MacNeice lived much of his life in Primrose Hill in London, hard by the zoo, and he wrote a book about zoos:
The pleasure of dappled things, the beauty of adaptation to purpose, the glory of extravagance, classic elegance or romantic nonsense and grotesquerie – all these we get from the Zoo. We react to these with the same delight as to new potatoes in April speckled with chopped parsley or to the lights at night on the Thames at Battersea Power House, or to cars sweeping their shadows from lamp-post to lamp-post down Haverstock Hill or to brewer’s drays or to lighthouses and searchlights or to a newly cut lawn or to a hot towel or a friction at the barber’s or to Moran’s two classic tries at Twickenham in 1937 or to the smell of dusting-powder in a warm bathroom or to the fun of shelling peas into a china bowl or of shuffling one’s feet through dead leaves when they are crisp or to the noise of rain or the crackling of a newly lit fire or the jokes of a street-hawker or the silence of snow in moonlight or the purring of a powerful car.
from Zoo (1938)
This isn’t a man who’s frightened of being thought ordinary, and it’s this and his refusal to sink his individuality in some Marxist generality – ‘become part of the pattern in the lino’, as he put it – that got MacNeice labelled ‘bourgeois’, even by some of his friends. Of course, he had that very English fault: an overdose of irony. Irony stops you being whole hearted, stops you going overboard. But, of course, if you don’t go overboard, you tend not to make a splash, and it’s this, rather than anything lacking in his poems, that makes MacNeice the least known of the poets of his generation. Here’s another personal poem, about marriage.
Les Sylphides
Life in a day: he took his girl to the ballet;
Being shortsighted himself could hardly see it –
The white skirts in the grey
Glade and the swell of the music
Lifting the white sails.
Calyx upon calyx, canterbury bells in the breeze
The flowers on the left mirror to the flowers on the right
And the naked arms above
The powdered faces moving
Like seaweed in a pool.
Now, he thought, we are floating – ageless, oarless –
Now there is no separation, from now on
You will be wearing white
Satin and a red sash
Under the waltzing trees.
But the music stopped, the dancers took their curtain,
The river had come to a lock – a shuffle of programmes –
And we cannot continue down
Stream unless we are ready
To enter the lock and drop.
So they were married – to be the more together –
And found they were never again so much together,
Divided by the morning tea,
By the evening paper,
By children and tradesmen’s bills.
Waking at times in the night she found assurance
Due to his regular breathing but wondered whether
It was really worth it and where
The river had flowed away
And where were the white flowers.
That MacNeice turned out to have been right in hedging his bets during the thirties didn’t help his reputation either. His longest poem, Autumn Journal, is a personal record of the period from August to December 1938, the months that include Munich and the triumph of Franco’s forces in Barcelona. MacNeice writes as he always wrote as a private man, these public events jumbled together in his mind with the private ones: the breakup of his marriage and his sense of futility.

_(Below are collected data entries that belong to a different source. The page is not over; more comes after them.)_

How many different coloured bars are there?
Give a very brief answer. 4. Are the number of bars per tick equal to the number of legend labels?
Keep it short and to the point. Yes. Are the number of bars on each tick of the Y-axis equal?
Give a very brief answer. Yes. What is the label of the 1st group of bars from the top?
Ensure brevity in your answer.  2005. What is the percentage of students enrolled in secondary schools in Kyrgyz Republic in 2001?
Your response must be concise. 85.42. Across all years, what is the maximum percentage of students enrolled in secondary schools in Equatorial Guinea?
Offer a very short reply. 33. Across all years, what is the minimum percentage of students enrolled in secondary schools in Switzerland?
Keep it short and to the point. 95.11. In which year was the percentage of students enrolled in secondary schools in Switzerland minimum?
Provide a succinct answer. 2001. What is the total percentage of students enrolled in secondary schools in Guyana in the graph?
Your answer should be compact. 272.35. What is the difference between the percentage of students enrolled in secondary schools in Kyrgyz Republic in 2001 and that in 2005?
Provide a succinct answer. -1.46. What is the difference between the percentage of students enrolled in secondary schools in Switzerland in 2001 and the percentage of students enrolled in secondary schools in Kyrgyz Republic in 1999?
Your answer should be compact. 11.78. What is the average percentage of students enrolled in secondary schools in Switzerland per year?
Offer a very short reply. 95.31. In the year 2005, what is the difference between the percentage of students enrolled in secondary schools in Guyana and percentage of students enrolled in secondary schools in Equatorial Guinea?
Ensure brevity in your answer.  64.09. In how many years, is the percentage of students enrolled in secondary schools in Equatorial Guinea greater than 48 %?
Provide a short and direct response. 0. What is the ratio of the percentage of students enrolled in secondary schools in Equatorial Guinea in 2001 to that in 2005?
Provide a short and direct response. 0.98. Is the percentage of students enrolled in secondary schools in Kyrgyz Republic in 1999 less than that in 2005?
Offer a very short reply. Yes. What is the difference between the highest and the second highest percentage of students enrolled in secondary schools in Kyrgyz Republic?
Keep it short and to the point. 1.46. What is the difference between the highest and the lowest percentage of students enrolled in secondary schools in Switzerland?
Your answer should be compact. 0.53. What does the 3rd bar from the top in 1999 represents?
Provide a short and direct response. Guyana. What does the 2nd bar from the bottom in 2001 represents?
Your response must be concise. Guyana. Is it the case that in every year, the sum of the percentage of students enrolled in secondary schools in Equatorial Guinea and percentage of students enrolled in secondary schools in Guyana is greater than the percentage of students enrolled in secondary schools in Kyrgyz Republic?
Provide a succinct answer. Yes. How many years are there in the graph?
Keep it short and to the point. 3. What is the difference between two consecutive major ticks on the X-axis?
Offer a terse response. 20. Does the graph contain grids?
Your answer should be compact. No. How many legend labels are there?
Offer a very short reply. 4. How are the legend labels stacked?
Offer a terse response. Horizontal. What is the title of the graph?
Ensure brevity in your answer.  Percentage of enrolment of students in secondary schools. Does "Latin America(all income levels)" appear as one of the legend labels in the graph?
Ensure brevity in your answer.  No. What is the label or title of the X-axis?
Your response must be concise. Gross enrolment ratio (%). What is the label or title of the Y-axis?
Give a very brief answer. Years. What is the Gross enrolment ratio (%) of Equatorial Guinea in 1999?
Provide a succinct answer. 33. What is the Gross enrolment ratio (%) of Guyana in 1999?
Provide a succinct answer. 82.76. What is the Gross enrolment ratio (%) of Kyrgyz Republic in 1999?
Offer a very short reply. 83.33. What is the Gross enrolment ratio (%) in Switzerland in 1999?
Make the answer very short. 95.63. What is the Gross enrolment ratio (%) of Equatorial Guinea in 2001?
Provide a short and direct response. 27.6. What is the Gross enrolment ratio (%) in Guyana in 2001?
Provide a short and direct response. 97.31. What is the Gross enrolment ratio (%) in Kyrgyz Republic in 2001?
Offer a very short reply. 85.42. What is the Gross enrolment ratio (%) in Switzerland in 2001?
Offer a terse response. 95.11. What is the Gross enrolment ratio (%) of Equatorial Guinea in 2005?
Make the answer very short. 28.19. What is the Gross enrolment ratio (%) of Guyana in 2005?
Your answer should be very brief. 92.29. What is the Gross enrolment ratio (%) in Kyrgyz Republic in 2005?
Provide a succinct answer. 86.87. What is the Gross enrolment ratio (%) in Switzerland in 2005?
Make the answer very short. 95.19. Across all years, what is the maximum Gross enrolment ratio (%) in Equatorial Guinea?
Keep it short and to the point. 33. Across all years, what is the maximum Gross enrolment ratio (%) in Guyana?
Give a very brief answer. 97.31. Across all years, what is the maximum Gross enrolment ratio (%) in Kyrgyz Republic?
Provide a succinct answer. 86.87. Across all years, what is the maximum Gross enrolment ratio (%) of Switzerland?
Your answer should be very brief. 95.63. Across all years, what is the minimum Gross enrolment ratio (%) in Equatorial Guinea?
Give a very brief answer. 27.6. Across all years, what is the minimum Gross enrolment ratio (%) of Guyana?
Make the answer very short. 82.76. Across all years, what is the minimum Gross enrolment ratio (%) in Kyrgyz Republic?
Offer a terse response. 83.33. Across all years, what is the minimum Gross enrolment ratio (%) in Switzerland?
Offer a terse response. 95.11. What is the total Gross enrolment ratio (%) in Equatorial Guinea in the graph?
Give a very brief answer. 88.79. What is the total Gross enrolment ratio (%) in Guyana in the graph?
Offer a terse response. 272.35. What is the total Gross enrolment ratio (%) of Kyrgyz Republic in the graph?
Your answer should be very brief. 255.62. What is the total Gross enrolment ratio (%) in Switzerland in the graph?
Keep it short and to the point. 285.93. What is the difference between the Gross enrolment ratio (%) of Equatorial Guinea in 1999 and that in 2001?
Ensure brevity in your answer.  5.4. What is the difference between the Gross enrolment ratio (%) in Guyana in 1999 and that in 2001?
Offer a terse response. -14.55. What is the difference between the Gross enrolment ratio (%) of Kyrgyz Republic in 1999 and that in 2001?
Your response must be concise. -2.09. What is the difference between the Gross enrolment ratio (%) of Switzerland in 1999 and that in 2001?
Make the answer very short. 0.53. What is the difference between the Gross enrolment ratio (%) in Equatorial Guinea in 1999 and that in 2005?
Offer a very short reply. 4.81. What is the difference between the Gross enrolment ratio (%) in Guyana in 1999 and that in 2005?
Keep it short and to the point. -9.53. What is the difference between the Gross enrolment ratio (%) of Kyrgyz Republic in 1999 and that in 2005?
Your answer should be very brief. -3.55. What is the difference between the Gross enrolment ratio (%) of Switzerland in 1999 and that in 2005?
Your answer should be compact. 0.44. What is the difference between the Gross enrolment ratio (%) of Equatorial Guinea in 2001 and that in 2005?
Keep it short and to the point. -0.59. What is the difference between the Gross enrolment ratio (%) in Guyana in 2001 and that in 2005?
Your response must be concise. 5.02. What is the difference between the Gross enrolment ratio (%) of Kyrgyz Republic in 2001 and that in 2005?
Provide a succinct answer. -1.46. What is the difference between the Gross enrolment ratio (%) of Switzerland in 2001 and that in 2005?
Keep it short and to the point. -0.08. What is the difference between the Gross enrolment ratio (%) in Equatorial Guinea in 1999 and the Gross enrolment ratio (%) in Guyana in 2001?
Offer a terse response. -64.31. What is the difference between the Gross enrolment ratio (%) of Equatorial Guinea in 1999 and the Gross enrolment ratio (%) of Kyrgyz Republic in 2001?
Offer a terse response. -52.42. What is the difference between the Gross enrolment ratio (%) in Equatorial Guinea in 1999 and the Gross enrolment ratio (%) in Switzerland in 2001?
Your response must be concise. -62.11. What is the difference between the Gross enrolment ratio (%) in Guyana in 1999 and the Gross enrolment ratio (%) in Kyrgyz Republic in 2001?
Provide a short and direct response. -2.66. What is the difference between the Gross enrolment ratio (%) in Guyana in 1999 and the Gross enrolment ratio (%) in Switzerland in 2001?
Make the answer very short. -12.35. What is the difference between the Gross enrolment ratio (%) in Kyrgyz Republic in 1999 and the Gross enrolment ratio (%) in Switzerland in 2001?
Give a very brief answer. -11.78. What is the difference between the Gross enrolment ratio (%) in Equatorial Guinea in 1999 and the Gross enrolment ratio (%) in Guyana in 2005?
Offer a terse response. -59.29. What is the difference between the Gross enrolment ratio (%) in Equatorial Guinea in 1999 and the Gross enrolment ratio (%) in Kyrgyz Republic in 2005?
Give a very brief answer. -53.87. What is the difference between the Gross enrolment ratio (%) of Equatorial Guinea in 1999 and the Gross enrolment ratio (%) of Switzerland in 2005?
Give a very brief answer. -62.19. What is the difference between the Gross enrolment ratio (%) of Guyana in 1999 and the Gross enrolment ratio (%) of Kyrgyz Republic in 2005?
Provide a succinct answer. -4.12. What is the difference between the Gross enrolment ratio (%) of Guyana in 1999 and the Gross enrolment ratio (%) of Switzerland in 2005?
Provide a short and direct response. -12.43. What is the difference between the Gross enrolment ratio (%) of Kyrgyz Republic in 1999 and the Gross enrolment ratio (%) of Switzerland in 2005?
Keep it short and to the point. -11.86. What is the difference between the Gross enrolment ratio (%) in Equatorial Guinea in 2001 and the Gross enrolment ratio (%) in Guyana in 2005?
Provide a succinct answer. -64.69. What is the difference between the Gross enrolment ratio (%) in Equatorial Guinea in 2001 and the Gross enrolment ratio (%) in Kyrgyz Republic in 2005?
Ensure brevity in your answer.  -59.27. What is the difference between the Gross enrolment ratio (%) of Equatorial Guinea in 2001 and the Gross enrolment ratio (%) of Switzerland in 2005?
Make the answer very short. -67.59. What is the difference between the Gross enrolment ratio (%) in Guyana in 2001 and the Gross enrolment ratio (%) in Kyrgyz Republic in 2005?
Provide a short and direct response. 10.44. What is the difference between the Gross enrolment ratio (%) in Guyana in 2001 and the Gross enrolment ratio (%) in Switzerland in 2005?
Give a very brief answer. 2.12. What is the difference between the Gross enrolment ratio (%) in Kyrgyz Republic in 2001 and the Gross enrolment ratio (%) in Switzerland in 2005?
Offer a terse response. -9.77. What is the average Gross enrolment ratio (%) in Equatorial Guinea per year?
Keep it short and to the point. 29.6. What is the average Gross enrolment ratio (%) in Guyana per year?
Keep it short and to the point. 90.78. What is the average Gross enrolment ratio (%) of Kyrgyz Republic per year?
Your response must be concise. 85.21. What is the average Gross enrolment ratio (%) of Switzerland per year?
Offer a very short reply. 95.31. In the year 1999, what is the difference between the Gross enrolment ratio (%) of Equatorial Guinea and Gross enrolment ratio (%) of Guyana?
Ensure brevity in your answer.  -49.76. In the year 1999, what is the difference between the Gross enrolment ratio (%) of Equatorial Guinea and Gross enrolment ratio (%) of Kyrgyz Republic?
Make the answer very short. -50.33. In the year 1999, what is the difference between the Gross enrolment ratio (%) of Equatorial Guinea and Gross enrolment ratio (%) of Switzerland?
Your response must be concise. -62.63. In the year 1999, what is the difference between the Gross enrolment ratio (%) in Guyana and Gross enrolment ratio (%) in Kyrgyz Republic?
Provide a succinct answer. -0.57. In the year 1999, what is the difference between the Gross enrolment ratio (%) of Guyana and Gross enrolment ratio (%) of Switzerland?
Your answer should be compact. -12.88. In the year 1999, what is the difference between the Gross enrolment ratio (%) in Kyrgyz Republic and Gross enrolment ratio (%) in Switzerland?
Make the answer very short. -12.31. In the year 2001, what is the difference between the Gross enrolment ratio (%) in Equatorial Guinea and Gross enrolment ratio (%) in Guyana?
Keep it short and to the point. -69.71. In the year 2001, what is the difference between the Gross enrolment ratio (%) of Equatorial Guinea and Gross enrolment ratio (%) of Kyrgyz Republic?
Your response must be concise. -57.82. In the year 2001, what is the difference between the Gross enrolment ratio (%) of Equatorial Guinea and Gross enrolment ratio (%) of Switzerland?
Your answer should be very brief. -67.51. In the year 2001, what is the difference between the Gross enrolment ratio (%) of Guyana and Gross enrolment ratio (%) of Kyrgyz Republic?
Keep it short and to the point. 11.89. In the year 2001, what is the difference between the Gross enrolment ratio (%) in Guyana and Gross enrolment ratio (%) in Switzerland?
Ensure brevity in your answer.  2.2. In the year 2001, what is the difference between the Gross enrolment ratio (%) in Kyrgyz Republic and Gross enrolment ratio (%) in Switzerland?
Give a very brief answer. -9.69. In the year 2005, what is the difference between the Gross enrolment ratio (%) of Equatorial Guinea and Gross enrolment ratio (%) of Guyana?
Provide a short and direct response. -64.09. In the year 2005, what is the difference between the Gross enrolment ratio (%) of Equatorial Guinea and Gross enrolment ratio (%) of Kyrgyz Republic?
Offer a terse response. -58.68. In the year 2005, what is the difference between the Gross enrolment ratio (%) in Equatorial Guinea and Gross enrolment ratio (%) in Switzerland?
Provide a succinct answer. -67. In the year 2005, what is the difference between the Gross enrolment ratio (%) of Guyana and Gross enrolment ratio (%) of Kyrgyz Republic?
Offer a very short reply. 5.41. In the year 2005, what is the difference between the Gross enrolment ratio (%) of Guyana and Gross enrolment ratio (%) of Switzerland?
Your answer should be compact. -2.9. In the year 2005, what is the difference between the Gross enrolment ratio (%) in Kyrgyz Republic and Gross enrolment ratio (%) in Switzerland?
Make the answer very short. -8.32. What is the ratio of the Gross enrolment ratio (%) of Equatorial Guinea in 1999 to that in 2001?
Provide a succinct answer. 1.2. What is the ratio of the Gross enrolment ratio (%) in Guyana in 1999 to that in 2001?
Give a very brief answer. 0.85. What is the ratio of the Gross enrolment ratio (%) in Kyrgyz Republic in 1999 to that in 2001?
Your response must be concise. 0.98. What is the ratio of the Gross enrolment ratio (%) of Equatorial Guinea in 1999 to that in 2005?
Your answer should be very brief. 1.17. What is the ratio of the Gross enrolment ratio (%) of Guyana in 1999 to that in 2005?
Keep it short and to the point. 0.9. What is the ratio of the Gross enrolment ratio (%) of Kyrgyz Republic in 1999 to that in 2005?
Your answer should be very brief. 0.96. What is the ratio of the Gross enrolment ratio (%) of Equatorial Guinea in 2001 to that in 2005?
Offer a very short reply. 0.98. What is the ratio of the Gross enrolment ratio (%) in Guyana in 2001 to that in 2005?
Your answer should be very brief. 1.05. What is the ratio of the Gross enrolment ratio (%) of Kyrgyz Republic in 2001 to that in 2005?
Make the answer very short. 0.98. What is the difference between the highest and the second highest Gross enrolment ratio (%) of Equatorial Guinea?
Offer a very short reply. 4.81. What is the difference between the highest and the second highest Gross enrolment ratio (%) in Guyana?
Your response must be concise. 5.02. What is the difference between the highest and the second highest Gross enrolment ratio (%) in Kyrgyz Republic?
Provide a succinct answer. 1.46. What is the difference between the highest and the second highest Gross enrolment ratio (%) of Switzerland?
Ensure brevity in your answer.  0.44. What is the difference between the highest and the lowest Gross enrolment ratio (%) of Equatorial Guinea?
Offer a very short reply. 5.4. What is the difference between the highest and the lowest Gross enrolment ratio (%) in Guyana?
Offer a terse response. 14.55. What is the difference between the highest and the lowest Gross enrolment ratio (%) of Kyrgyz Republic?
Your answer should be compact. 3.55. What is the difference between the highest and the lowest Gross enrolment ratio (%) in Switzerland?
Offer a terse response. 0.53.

He liked fast cars (which was another way of getting away from Auden), and in this extract from Autumn Journal he drives up to Oxford to take part in a by-election in which the Left and the disaffected Right joined forces to support A. D. Lindsay, the Master of Balliol, in an unsuccessful attempt to defeat the Appeasement candidate, Quentin Hogg, later Lord Hailsham.
from Autumn Journal
The next day I drove by night
Among red and amber and green, spears and candles,
Corkscrews and slivers of reflected light
In the mirror of the rainy asphalt
Along the North Circular and the Great West roads
Running the gauntlet of impoverished fancy
Where housewives bolster up their jerry-built abodes
With amour propre and the habit of Hire Purchase.
The wheels whished in the wet, the flashy strings
Of neon lights unravelled, the windscreen-wiper
Kept at its job like a tiger in a cage or a cricket that sings
All night through for nothing.
Factory, a site for a factory, rubbish dumps,
Bungalows in lath and plaster, in brick, in concrete,
And shining semi-circles of petrol pumps
Like intransigent gangs of idols.
And the road swings round my head like a lassoo
Looping wider and wider tracts of darkness
And the country succeeds the town and the country too
Is damp and dark and evil.
And coming over the Chilterns the dead leaves leap
Charging the windscreen like a barrage of angry
Birds as I take the steep
Plunge to Henley or Hades.
And at the curves of the roads the telephone wires
Shine like strands of silk and the hedge solicits
&n
bsp; My irresponsible tyres
To an accident, to a bed in the wet grasses.
And in quiet crooked streets only the village pub
Spills a golden puddle
Over the pavement and trees bend down and rub
Unopened dormer windows with their knuckles.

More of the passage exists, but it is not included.